Dopo la pizza napoletana, nel 2020 il caffè espresso italiano tradizionale potrebbe diventare patrimonio immateriale dell'umanità Unesco.
Dal punto di vista dei consumi il caffè è la seconda bevanda dopo l'acqua più bevuta nel mondo con la Finlandia che detiene il primato europeo del consumo del caffè. E l’Italia non si può immaginare senza il rito del caffè che aiuta a svegliarsi e a ricaricarsi di energia - il 95% dei connazionali lo beve abitualmente, il 92% lo gusta principalmente tra le mura domestiche e il 72% preferisce uscire e prenderlo al bar.
In termini sociologici, il rito italiano del caffè espresso si configura come una pratica quotidiana, che scandisce specifici momenti della giornata: dalla sveglia mattutina alla pausa lavorativa, dal dopo-pranzo alla ricarica energetica pomeridiana. Per quanto tale pratica possa essere svolta in solitudine, il rito della consumazione del caffè espresso viene di solito riconosciuta come routine: un’abitudine condivisa che mette in relazione due o più persone le quali costruiscono una interazione grazie al consumo della bevanda.
Con questa candidatura è nato il Primo Disciplinare del Caffè Espresso Italiano Tradizionale, sviluppato insieme al Comitato Italiano del Caffè e allo IEI Istituto Espresso Italiano per sancire le buone regole per ottenere il vero espresso italiano nei bar o nelle caffetterie.
Le regole riguardano la miscela, la macchina da caffè e il macinadosatore e la “mano dell’operatore/barista” che deve tenere sotto controllo le modalità di estrazione tenendo in considerazione temperatura, pressione e durezza dell’acqua, dose e macinatura fino al volume di estrazione in tazza; deve cioè preoccuparsi di quella piccola, ma vera e propria trasformazione industriale che il Barista (non a caso con la B maiuscola) compie quando ottiene dal caffè in grani quell’estratto che definiamo Espresso Italiano.
Gli esperti sono al lavoro da tre anni: a Marzo 2016 è stato protocollato il dossier alla Commissione Italiana Unesco per poi passare ai ministeri competenti.
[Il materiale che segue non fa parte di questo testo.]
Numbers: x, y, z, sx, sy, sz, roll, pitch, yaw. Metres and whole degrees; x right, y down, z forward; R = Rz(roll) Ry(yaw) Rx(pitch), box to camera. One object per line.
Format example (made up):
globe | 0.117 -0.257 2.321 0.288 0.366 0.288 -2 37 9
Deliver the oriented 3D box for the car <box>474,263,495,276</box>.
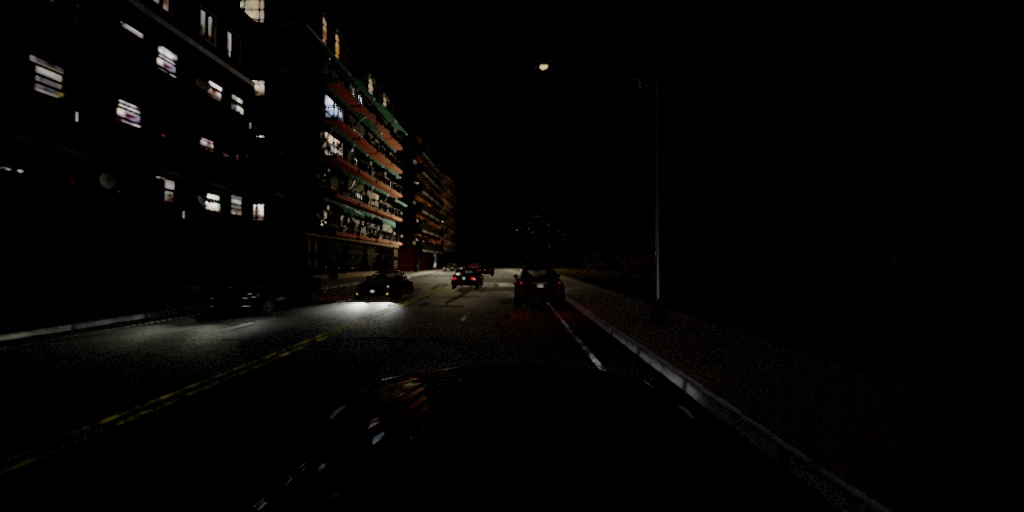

A ottobre 2017 si è svolto un incontro presso il Ministero per i Beni e le Attività Culturali (MiBAC) e in questa occasione è stata valutata e condivisa l’importanza del progetto culturale del Consorzio. Successivamente è avvenuta la registrazione presso il “Geoportale della Cultura Alimentare” del MiBAC attraverso l’iscrizione al progetto dei “Granai della Memoria” gestito dall’Università degli studi di Scienze Gastronomiche di Pollenzo – BRA (UNISG).
Il 3 dicembre è stata fatta la presentazione ufficiale alla Camera dei Deputati per cercare il supporto della politica e abbiamo centrato l’obiettivo: Nel mentre, si rimane in attesa di essere inseriti nella lista delle nomination per il 2020 il cui termine è fissato per prossimo marzo. E questo è il primo obiettivo. Dopodiché bisognerà aspettare novembre 2020 per sapere se il caffè rientrerà nel patrimonio UNESCO.